Harvard students, workers demand living wage
 
BY TED LEONARD AND SARAH ULLMAN  
CAMBRIDGE, Massachusetts--"I'm here because Harvard pays poverty wages," said Harvard freshman Madeleine Elfnbein. "Harvard is a multibillion-dollar corporation that has been masquerading as an institution that serves to benefit humanity." Elfnbein spoke out the window of Massachusetts Hall, which she and about 40 others are occupying. The building houses the offices of the president and provost of Harvard University. "We just can't treat injustice as an academic issue," she said.

On April 19 students began an "indefinite" sit-in in the building, demanding Harvard pay a "living wage" to workers at the university. They estimate that between 1,000 and 2,000 people working on the campus--janitors, kitchen staff, guards and others--are paid less than $10.25 per hour plus benefits.

In 1999 the Cambridge city council passed an ordinance setting the living wage at $10.25. The Harvard Living Wage Fact Sheet distributed by the students explains, "Although living wage standards do, by definition, vary from region, they are all considerably higher than the federal minimum wage. This is because the minimum wage does not begin to meet the needs of working people or families anywhere in the country: in fact, it puts a parent with one child below the federal poverty line. A living wage aims to correct this by establishing, at a local level, a more reasonable minimum wage."

The protest is being led by the Progressive Student Labor Movement (PSLM).

In Harvard Yard, which Massachusetts Hall faces, dozens and dozens of tents are pitched in a tent city. Handmade banners and signs hang from rope between trees and on the sides of buildings expressing support for the occupation. "Society of Arab Students support PSLM," "Brandeis Students say 'Living Wage Now,'" and "Tufts supports PSLM," read several banners. "Si se puede" (Yes we can), said another.

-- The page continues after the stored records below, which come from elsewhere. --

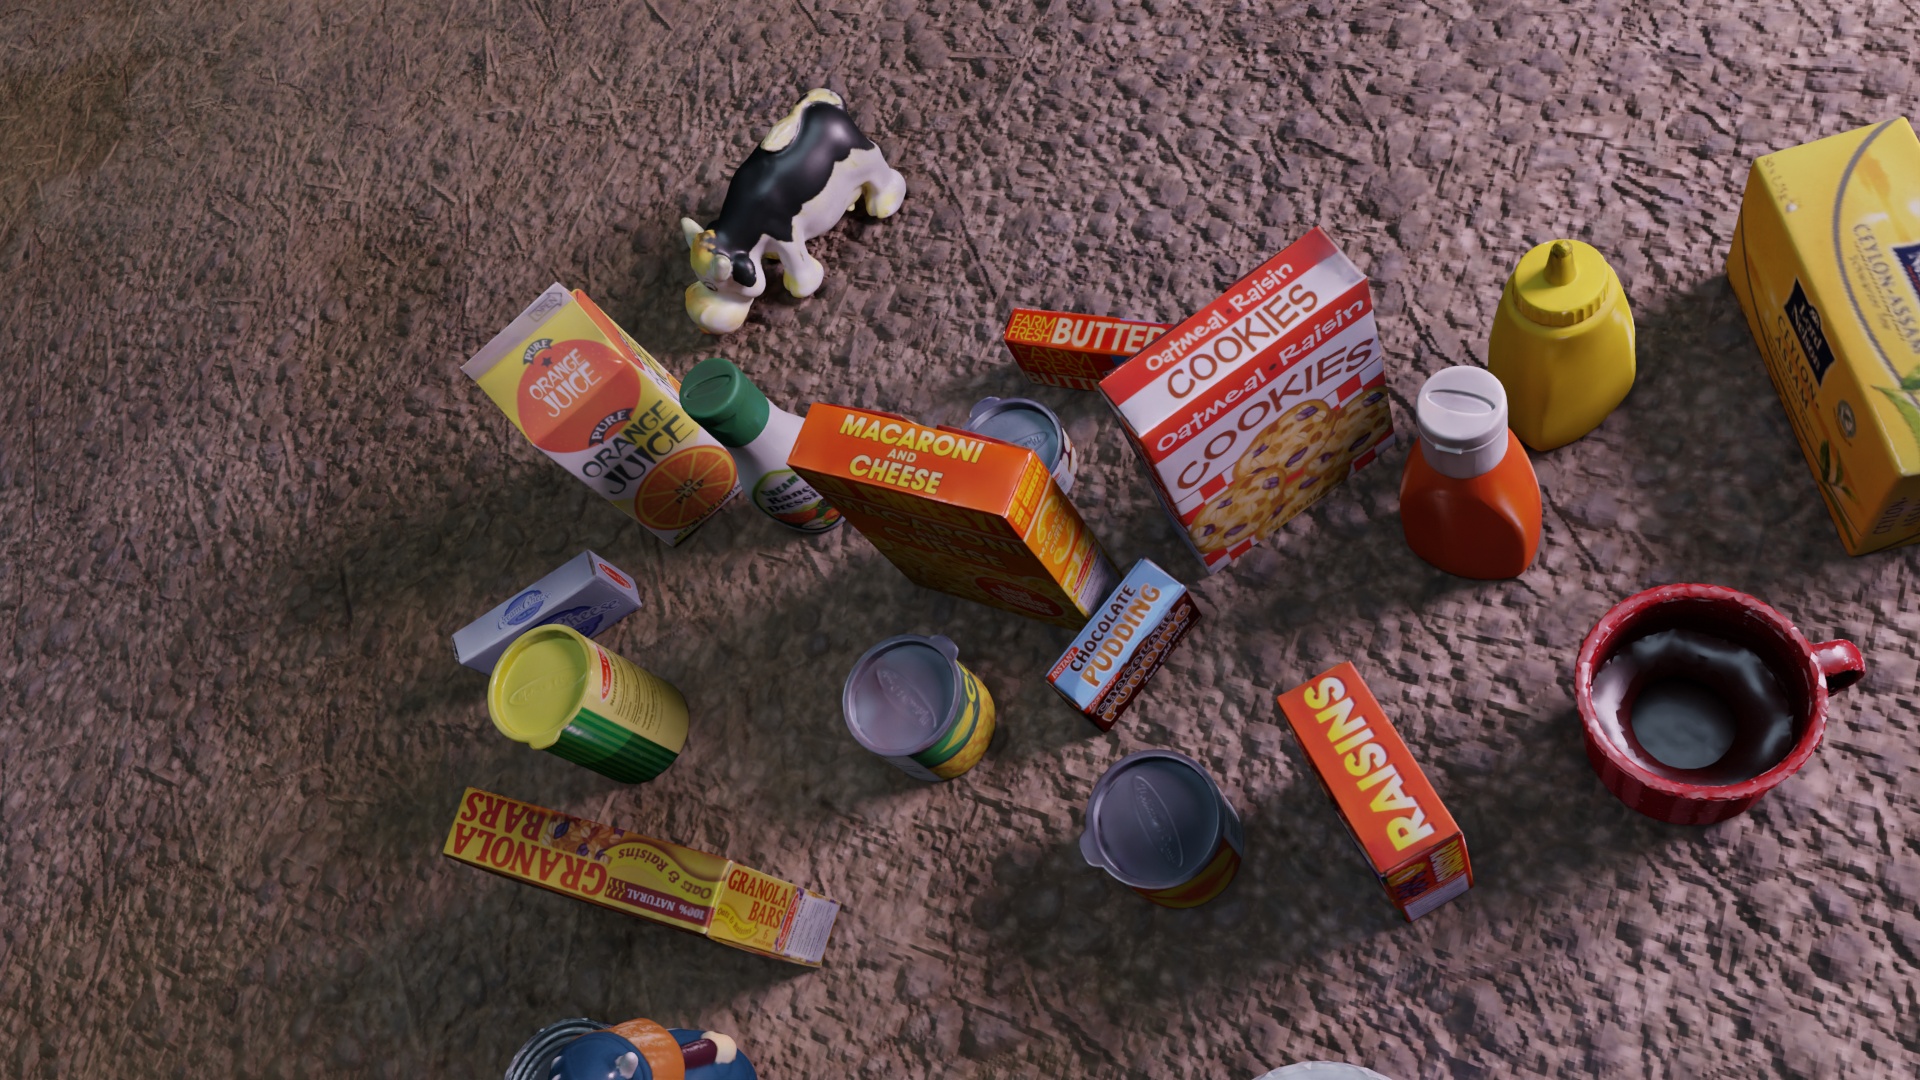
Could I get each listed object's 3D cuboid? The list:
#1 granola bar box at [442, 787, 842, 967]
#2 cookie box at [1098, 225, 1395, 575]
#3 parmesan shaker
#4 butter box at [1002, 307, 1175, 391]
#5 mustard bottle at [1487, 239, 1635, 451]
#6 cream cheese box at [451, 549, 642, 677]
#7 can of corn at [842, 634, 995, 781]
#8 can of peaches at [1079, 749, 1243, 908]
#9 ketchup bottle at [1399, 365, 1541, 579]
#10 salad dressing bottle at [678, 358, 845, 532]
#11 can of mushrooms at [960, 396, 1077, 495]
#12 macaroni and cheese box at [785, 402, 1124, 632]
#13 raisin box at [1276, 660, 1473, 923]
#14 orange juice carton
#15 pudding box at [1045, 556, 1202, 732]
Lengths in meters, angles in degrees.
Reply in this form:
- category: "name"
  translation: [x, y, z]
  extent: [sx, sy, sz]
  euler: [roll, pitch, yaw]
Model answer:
- category: "granola bar box"
  translation: [-0.163, 0.177, 0.721]
  extent: [0.165, 0.124, 0.039]
  euler: [8, 70, 25]
- category: "cookie box"
  translation: [0.146, -0.062, 0.683]
  extent: [0.123, 0.167, 0.040]
  euler: [-36, 59, 3]
- category: "parmesan shaker"
  translation: [-0.208, 0.098, 0.788]
  extent: [0.071, 0.103, 0.071]
  euler: [-9, 64, 18]
- category: "butter box"
  translation: [0.080, -0.107, 0.797]
  extent: [0.103, 0.053, 0.024]
  euler: [11, 71, 26]
- category: "mustard bottle"
  translation: [0.281, -0.099, 0.651]
  extent: [0.065, 0.160, 0.049]
  euler: [-33, 59, 5]
- category: "cream cheese box"
  translation: [-0.255, 0.050, 0.858]
  extent: [0.104, 0.053, 0.024]
  euler: [-32, 59, 6]
- category: "can of corn"
  translation: [-0.019, 0.089, 0.743]
  extent: [0.071, 0.058, 0.071]
  euler: [-9, 64, 18]
- category: "can of peaches"
  translation: [0.098, 0.141, 0.672]
  extent: [0.071, 0.058, 0.071]
  euler: [-9, 64, 18]
- category: "ketchup bottle"
  translation: [0.235, -0.029, 0.643]
  extent: [0.065, 0.148, 0.043]
  euler: [16, 74, 27]
- category: "salad dressing bottle"
  translation: [-0.108, -0.053, 0.792]
  extent: [0.064, 0.147, 0.044]
  euler: [-20, 61, 12]
- category: "can of mushrooms"
  translation: [0.031, -0.048, 0.801]
  extent: [0.071, 0.033, 0.071]
  euler: [-9, 64, 18]
- category: "macaroni and cheese box"
  translation: [0.003, -0.009, 0.717]
  extent: [0.124, 0.166, 0.040]
  euler: [14, 73, 27]
- category: "raisin box"
  translation: [0.184, 0.113, 0.612]
  extent: [0.040, 0.123, 0.086]
  euler: [-30, 59, 7]
- category: "orange juice carton"
  translation: [-0.206, -0.077, 0.817]
  extent: [0.072, 0.192, 0.073]
  euler: [-40, 59, 1]
- category: "pudding box"
  translation: [0.085, 0.055, 0.722]
  extent: [0.030, 0.049, 0.084]
  euler: [37, 84, 31]

A sign in Creole, "Working together with the students," reflects the majority Haitian and Hispanic composition of the workers at Harvard.

Seven hundred workers and students rallied in Harvard Yard April 30. Among the speakers were AFL-CIO president John Sweeney, and Vice President Linda Chavez-Thompson. "We will stand with you until Harvard University agrees to pay a living wage to the men and women who do all the tasks that are so important to running the university," Sweeney told the rally.

Ted Leonard is a meat packer in Boston.